Five keys to victory for Cardinals at HOF Game

The Cardinals are just a few short days away from the first of five preseason games in 2012. They’ll take on the New Orleans Saints in the Hall of Fame Game on Sunday night in Canton, Ohio.

This will be the first time in 26 years that Arizona will have taken part in the Hall of Fame Game.

In 1986, the-then St. Louis Cardinals fell to the New England Patriots 21-16.

The Saints last made the trip to Canton, Ohio, in 2007, losing to the Pittsburgh Steelers 20-7.

As far as Saints/Cardinals preseason match-ups go, the Saints lead the series 3-0, with their last victory, a 24-10 victory, coming on August 7, 2008, at University of Phoenix Stadium.

It’s definitely an honor for the Cardinals to take part in the Hall of Fame Game, and it would be great if they won the game, but at the end of the day, if they can get to Kansas City, Mo., and keep the bumps and bruises to a minimum, then that’s a victory in itself, considering there’s four more preseason games to play after Sunday’s game.

Here’s my five keys to victory for the Cardinals on Sunday night:

  1. Get consistent play out of the  quarterbacks.
  2. The horses up front need to keep the signal callers off the deck, and allow them time to operate.
  3. The defensive front seven need to play like madmen and stay in the Saints’ jerseys.
  4. The secondary needs to reel in the Saints receivers.
  5. Keep mistakes to a minimum.

Head coach Ken Whisenhunt hasn’t said how many reps each player will get on Sunday, but depending on what he decides to do, each player has to give their max effort when they’re on the field, whether you’re a starter, or you’re on the third team.

Kevin Kolb will start at quarterback, that’s for certain, with John Skelton his relief.

Both players are aware of what they need to do to make the offense move and put points on the board.

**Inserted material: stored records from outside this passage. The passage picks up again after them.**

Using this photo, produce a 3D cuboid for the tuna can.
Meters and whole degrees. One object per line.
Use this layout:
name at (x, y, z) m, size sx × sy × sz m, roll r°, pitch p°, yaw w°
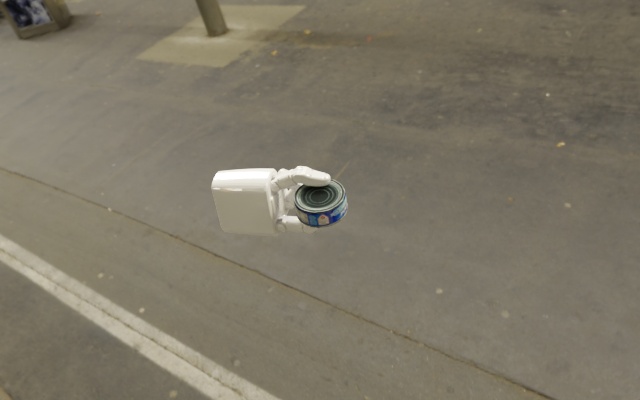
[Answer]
tuna can at (0.000, 0.002, 0.772) m, size 0.086 × 0.034 × 0.086 m, roll -6°, pitch 41°, yaw 5°

They’re not lacking for talent on that side of the ball, with guys like Larry Fitzgerald, Andre Roberts, Early Doucet and Michael Floyd to throw to.

The question mark on offense thus far is the running game.

Ryan Williams has looked good so far in camp, but Whisenhunt doesn’t want to give Williams carte blanche against the Saints and risk another injury.

Whisenhunt says he’ll see how Williams does the rest of the week at practice, and make a determination on his playing time against New Orleans.

With the run game not where it should be right now, it’s imperative for Kolb, Skelton and company to pick up that slack and get the aerial game going early and often.

It would give everyone a chance to see what the passing attack is capable of, plus it would give everyone a chance to see what Kolb and Skelton are made of early.

The offensive line is a bit thin, especially at the center position and guard positions. I’d like to see the new additions – Russ Hochstein and Rich Ohrnberger – and how they fit in the equation, at guard and center respectively.

I’m also intrigued to see how Bobby Massie does in his first live NFL action, as he’ll spell Jeremy Bridges when it’s his time.

You’d expect Drew Brees, Pierre Thomas, Marques Colston and the rest of the Saints starters to play a few series and take the rest of the night off.

When the Saints 1’s on offense are up against the Cardinals 1’s on defense, it’s imperative that the defense shows exactly why they were one of the most feared defenses in the league last season.

The front seven -Campbell, Williams, Dockett, Acho, Lenon, Washington and Schofield – cant afford to let Brees sit behind his protection and pick and choose who he wants to get the ball to.

If they let him do that, then they’ll be down big in a matter of minutes (it wasn’t a fluke that Brees completed 71 percent of his throws and threw for almost 5,500 yards last season).

The defense needs to trust in each other and communicate, because Brees is the kind of quarterback that will easily confuse a defense if given the chance.

The secondary has been bolstered by the return of cornerback Greg Toler and free safety Kerry Rhodes, which makes that group immediately better than they were last year.

I want to see the youngsters – Jamell Fleming, Justin Bethel and Eddie Elder – and how they respond under the lights, when their number is called.

It’s one thing to run up on the same guys at practice every day, but when it’s “lights, camera, action,” now what do you do?

I expect them to perform well, because they have veteran leaders ahead of them, who are preparing them for this moment, the moment they’ve dreamed about their entire lives, playing in the NFL.

There can’t be any slip in gameplay from team to team. When the starters come out, the second and third teams need to keep whatever momentum they had going.

To go along with that, the Cardinals need to keep their mistakes to a minimum, if they expect to win.

Special teams are also going to be huge for the Cardinals as well.

The Saints special teams group is very strong. Punter Thomas Morstead has a cannon of a leg, kicker John Kasay hardly ever misses, and Darren Sproles can crack back a punt or a kickoff with ease.

The Cardinals special teams will have to  exceed their expectations on Sunday night.

If they can keep the Saints pinned back in their own territory, and if LaRod Stephens-Howling and Patrick Peterson can give the offense good field position on kickoffs and punts, then Arizona will be cooking with gas.